Assurance chômage: Gattaz ne veut pas négocier sous « pression » du calendrier électoral

PARIS, 13 décembre 2016 (AFP) – Le président du Medef Pierre Gattaz a estimé mardi que les négociations sur l’assurance chômage, bloquées depuis plusieurs mois, ne devaient pas être soumises à la « pression » de l’élection présidentielle, la signature d’un accord avant mai n’étant pas impérative, selon lui.

« Je ne veux pas qu’on se mette une pression particulière par rapport à l’élection présidentielle », prévue les 23 avril et 7 mai prochains, a assuré le responsable de l’organisation patronale lors d’une conférence de presse.

Si une solution est trouvée « avant mai, tant mieux, si c’est après mai, tant pis », a-t-il ajouté, jugeant nécessaire d’avoir au préalable un « diagnostic » et « une vision partagée » entre les partenaires sociaux sur les défis posés à l’assurance chômage.

« Ce qui est important, c’est ce constat », a insisté M. Gattaz, disant espérer que les partenaires sociaux soient « suffisamment pragmatiques et responsables pour réussir cette phase » de diagnostic, nécessaire avant de « trouver une solution »

« Si on le fait pas, on prouvera à la France et aux Français que sur des sujets majeurs de responsabilité, du paritarisme, on ne sait pas se mettre d’accord, et ça ce n’est pas très bon », a-t-il poursuivi.

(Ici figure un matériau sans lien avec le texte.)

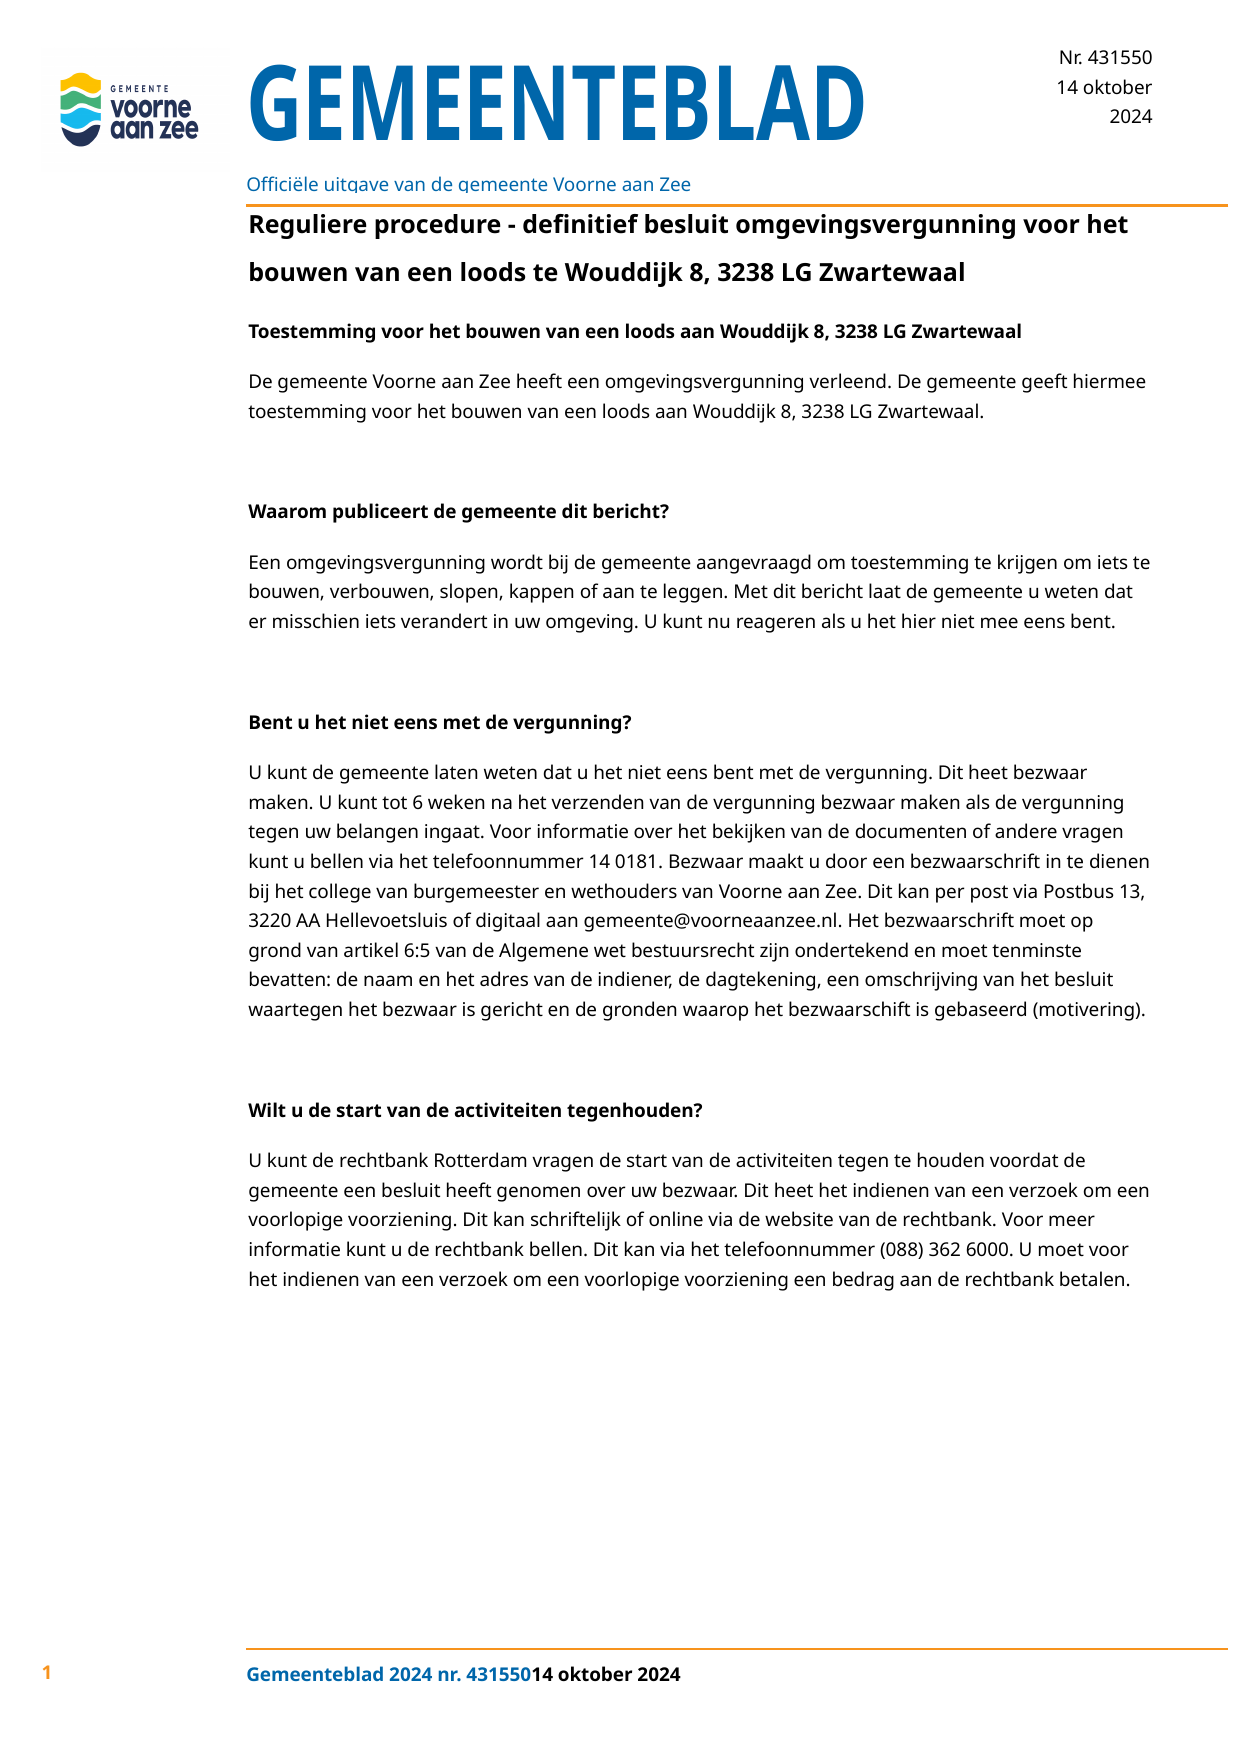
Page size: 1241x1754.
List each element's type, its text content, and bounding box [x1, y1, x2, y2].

text U kunt de gemeente laten weten dat u het niet eens bent met de vergunning. Dit heet bezwaar maken. U kunt tot 6 weken na het verzenden van de vergunning bezwaar maken als de vergunning tegen uw belangen ingaat. Voor informatie over het bekijken van de documenten of andere vragen kunt u bellen via het telefoonnummer 14 0181. Bezwaar maakt u door een bezwaarschrift in te dienen bij het college van burgemeester en wethouders van Voorne aan Zee. Dit kan per post via Postbus 13, 3220 AA Hellevoetsluis of digitaal aan gemeente@voorneaanzee.nl. Het bezwaarschrift moet op grond van artikel 6:5 van de Algemene wet bestuursrecht zijn ondertekend en moet tenminste bevatten: de naam en het adres van de indiener, de dagtekening, een omschrijving van het besluit waartegen het bezwaar is gericht en de gronden waarop het bezwaarschift is gebaseerd (motivering). [248, 759, 1152, 1022]
text U kunt de rechtbank Rotterdam vragen de start van de activiteiten tegen te houden voordat de gemeente een besluit heeft genomen over uw bezwaar. Dit heet het indienen van een verzoek om een voorlopige voorziening. Dit kan schriftelijk of online via de website van de rechtbank. Voor meer informatie kunt u de rechtbank bellen. Dit kan via het telefoonnummer (088) 362 6000. U moet voor het indienen van een verzoek om een voorlopige voorziening een bedrag aan de rechtbank betalen. [248, 1147, 1152, 1292]
text Bent u het niet eens met de vergunning? [248, 709, 1152, 735]
text Toestemming voor het bouwen van een loods aan Wouddijk 8, 3238 LG Zwartewaal [248, 318, 1152, 344]
text Wilt u de start van de activiteiten tegenhouden? [248, 1097, 1152, 1123]
text Een omgevingsvergunning wordt bij de gemeente aangevraagd om toestemming te krijgen om iets te bouwen, verbouwen, slopen, kappen of aan te leggen. Met dit bericht laat de gemeente u weten dat er misschien iets verandert in uw omgeving. U kunt nu reageren als u het hier niet mee eens bent. [248, 549, 1152, 634]
text Waarom publiceert de gemeente dit bericht? [248, 499, 1152, 524]
text De gemeente Voorne aan Zee heeft een omgevingsvergunning verleend. De gemeente geeft hiermee toestemming voor het bouwen van een loods aan Wouddijk 8, 3238 LG Zwartewaal. [248, 368, 1152, 424]
text Reguliere procedure - definitief besluit omgevingsvergunning voor het bouwen van een loods te Wouddijk 8, 3238 LG Zwartewaal [248, 207, 1152, 288]
picture [41, 47, 231, 172]
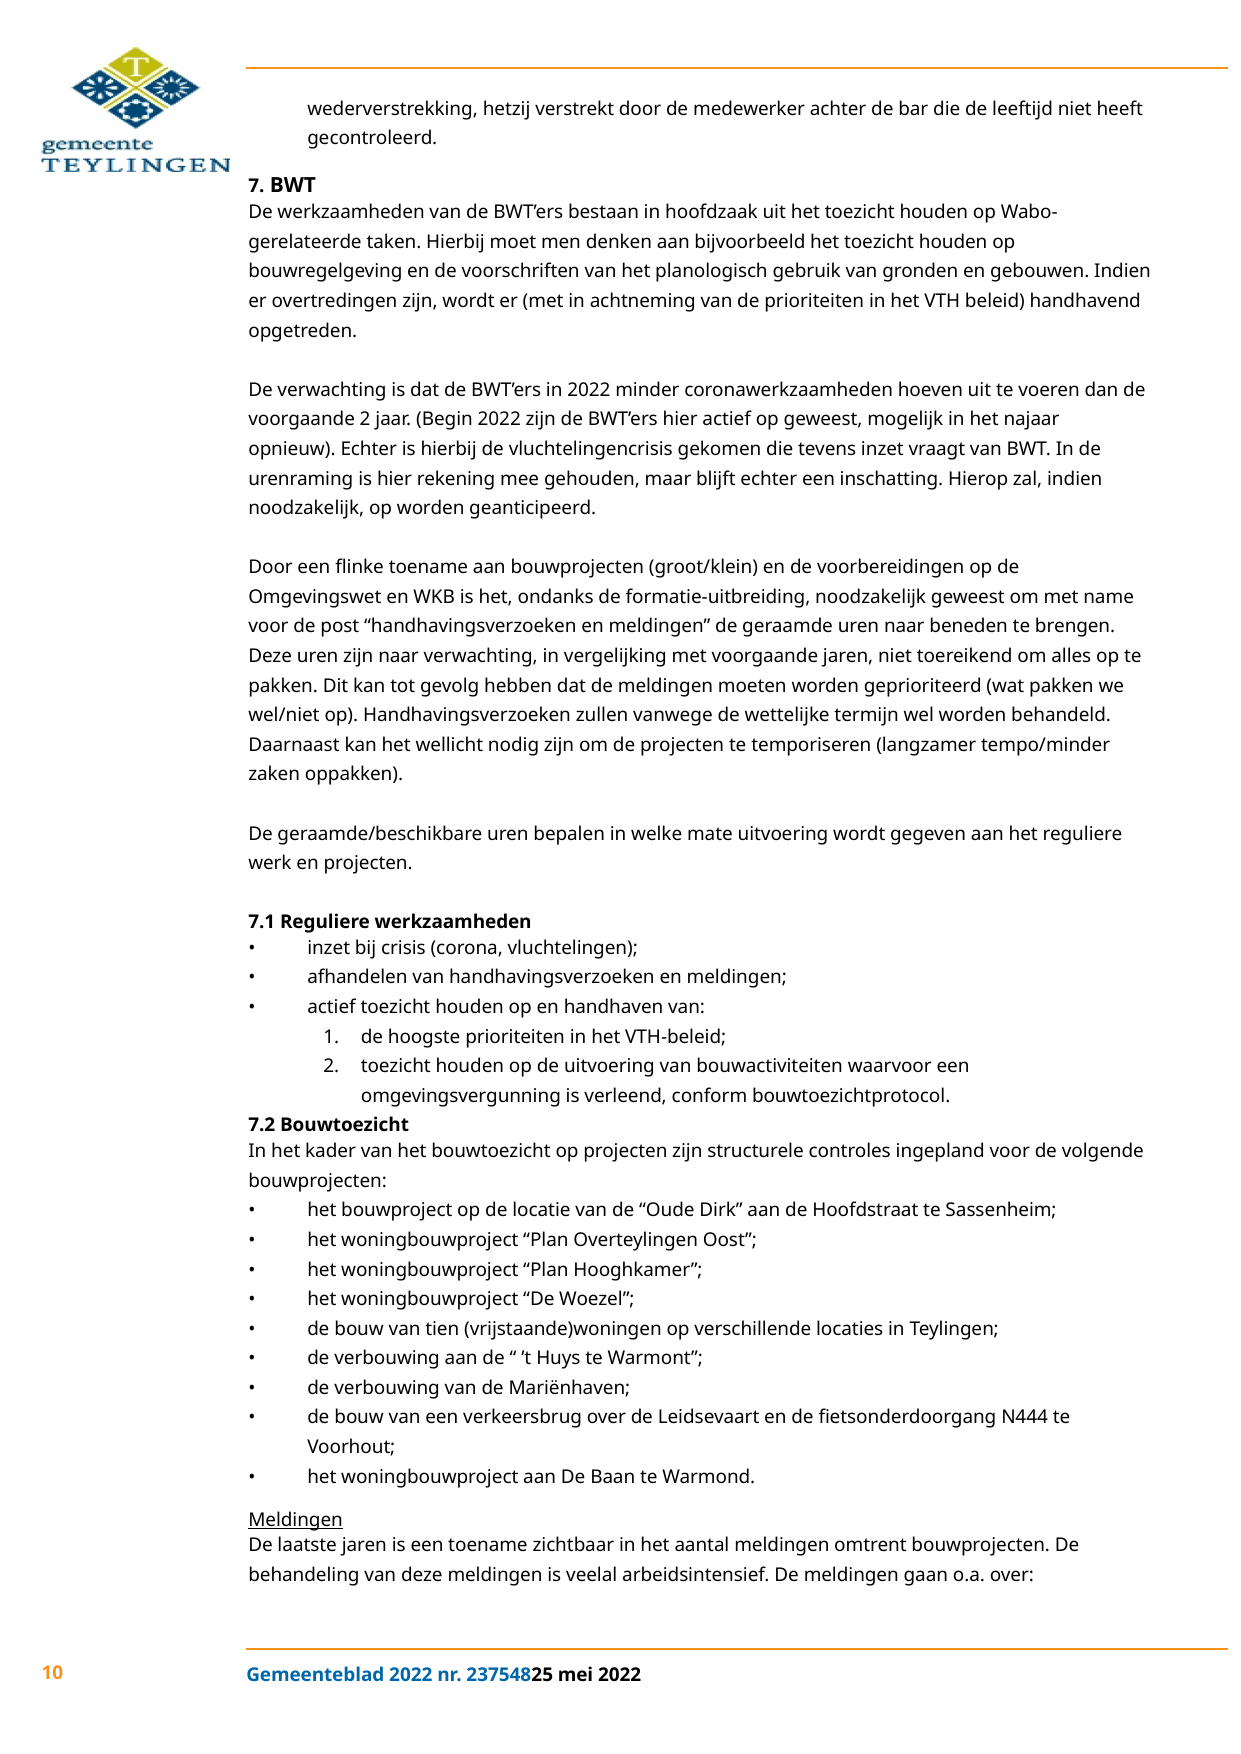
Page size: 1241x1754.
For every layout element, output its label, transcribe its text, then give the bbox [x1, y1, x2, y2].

list het woningbouwproject aan De Baan te Warmond. [248, 1463, 1152, 1488]
text In het kader van het bouwtoezicht op projecten zijn structurele controles ingepland voor de volgende bouwprojecten: [248, 1137, 1152, 1193]
text De geraamde/beschikbare uren bepalen in welke mate uitvoering wordt gegeven aan het reguliere werk en projecten. [248, 820, 1152, 875]
list de hoogste prioriteiten in het VTH-beleid; [323, 1023, 1152, 1049]
list de verbouwing van de Mariënhaven; [248, 1374, 1152, 1400]
list het woningbouwproject “De Woezel”; [248, 1285, 1152, 1311]
text De laatste jaren is een toename zichtbaar in het aantal meldingen omtrent bouwprojecten. De behandeling van deze meldingen is veelal arbeidsintensief. De meldingen gaan o.a. over: [248, 1532, 1152, 1587]
text De verwachting is dat de BWT’ers in 2022 minder coronawerkzaamheden hoeven uit te voeren dan de voorgaande 2 jaar. (Begin 2022 zijn de BWT’ers hier actief op geweest, mogelijk in het najaar opnieuw). Echter is hierbij de vluchtelingencrisis gekomen die tevens inzet vraagt van BWT. In de urenraming is hier rekening mee gehouden, maar blijft echter een inschatting. Hierop zal, indien noodzakelijk, op worden geanticipeerd. [248, 376, 1152, 520]
list het woningbouwproject “Plan Overteylingen Oost”; [248, 1226, 1152, 1252]
text 7.2 Bouwtoezicht [248, 1112, 1152, 1137]
picture [41, 47, 231, 172]
list inzet bij crisis (corona, vluchtelingen); [248, 934, 1152, 960]
list afhandelen van handhavingsverzoeken en meldingen; [248, 964, 1152, 989]
list het woningbouwproject “Plan Hooghkamer”; [248, 1256, 1152, 1281]
text Meldingen [248, 1506, 1152, 1532]
list toezicht houden op de uitvoering van bouwactiviteiten waarvoor een omgevingsvergunning is verleend, conform bouwtoezichtprotocol. [323, 1052, 1152, 1108]
list de verbouwing aan de “ ’t Huys te Warmont”; [248, 1344, 1152, 1370]
text 7.1 Reguliere werkzaamheden [248, 908, 1152, 934]
list de bouw van tien (vrijstaande)woningen op verschillende locaties in Teylingen; [248, 1315, 1152, 1341]
text Door een flinke toename aan bouwprojecten (groot/klein) en de voorbereidingen op de Omgevingswet en WKB is het, ondanks de formatie-uitbreiding, noodzakelijk geweest om met name voor de post “handhavingsverzoeken en meldingen” de geraamde uren naar beneden te brengen. Deze uren zijn naar verwachting, in vergelijking met voorgaande jaren, niet toereikend om alles op te pakken. Dit kan tot gevolg hebben dat de meldingen moeten worden geprioriteerd (wat pakken we wel/niet op). Handhavingsverzoeken zullen vanwege de wettelijke termijn wel worden behandeld. Daarnaast kan het wellicht nodig zijn om de projecten te temporiseren (langzamer tempo/minder zaken oppakken). [248, 553, 1152, 786]
list wederverstrekking, hetzij verstrekt door de medewerker achter de bar die de leeftijd niet heeft gecontroleerd. [248, 95, 1152, 150]
text 7. BWT [248, 170, 1152, 198]
list de bouw van een verkeersbrug over de Leidsevaart en de fietsonderdoorgang N444 te Voorhout; [248, 1404, 1152, 1459]
list het bouwproject op de locatie van de “Oude Dirk” aan de Hoofdstraat te Sassenheim; [248, 1197, 1152, 1222]
text De werkzaamheden van de BWT’ers bestaan in hoofdzaak uit het toezicht houden op Wabo- gerelateerde taken. Hierbij moet men denken aan bijvoorbeeld het toezicht houden op bouwregelgeving en de voorschriften van het planologisch gebruik van gronden en gebouwen. Indien er overtredingen zijn, wordt er (met in achtneming van de prioriteiten in het VTH beleid) handhavend opgetreden. [248, 198, 1152, 342]
list actief toezicht houden op en handhaven van: [248, 993, 1152, 1019]

Les négociations entre les syndicats et le patronat sur l’assurance chômage sont bloquées depuis le mois de juin, le Medef s’opposant à une demande des syndicats qui souhaitent moduler les cotisations sur les contrats courts.

Bousculés par le calendrier électoral et les critiques sur l’efficacité du paritarisme, le Medef et ses partenaires sociaux ont toutefois renoué le dialogue début décembre, en se donnant deux mois pour relancer les négociations.

Trois séances doivent se tenir, du 4 janvier au 8 février, pour dresser un « diagnostic partagé » souhaité par le Medef. Une réunion est ensuite programmée le 15 février pour dire s’il y a matière ou non à rouvrir les négociations au sens propre.

Faute d’accord, le gouvernement a dû prolonger cet été la convention signée en 2014, tout en poussant les partenaires sociaux à se remettre autour de la table, sans succès jusque-là, certains syndicats accusant le Medef de « jouer la montre » avant le scrutin.

Une accusation rejetée par Pierre Gattaz, pour qui la réforme de l’assurance chômage, qui croule sous un déficit de plus de quatre milliards d’euros et une dette record de 30 milliards, doit être l’occasion d’une réflexion « de fond », notamment pour mettre fin aux « dysfonctionnements » qui fragilisent ce dispositif.

« Ceux qui abusent du système, vous savez, il y en a beaucoup. J’en vois toutes les semaines, qui prennent de longues vacances payées par l’assurance chômage alors qu’ils sont dans des bassins d’emploi où il y a du travail », a-t-il assuré, évoquant « un problème de justice ».

Le patron des patrons a toutefois reconnu que ces situations n’étaient pas « majoritaires ». Il faut régler ce problème « en faisant très attention aux populations fragiles, à ceux qui ont vraiment un problème, et il y en a beaucoup », a-t-il ajouté.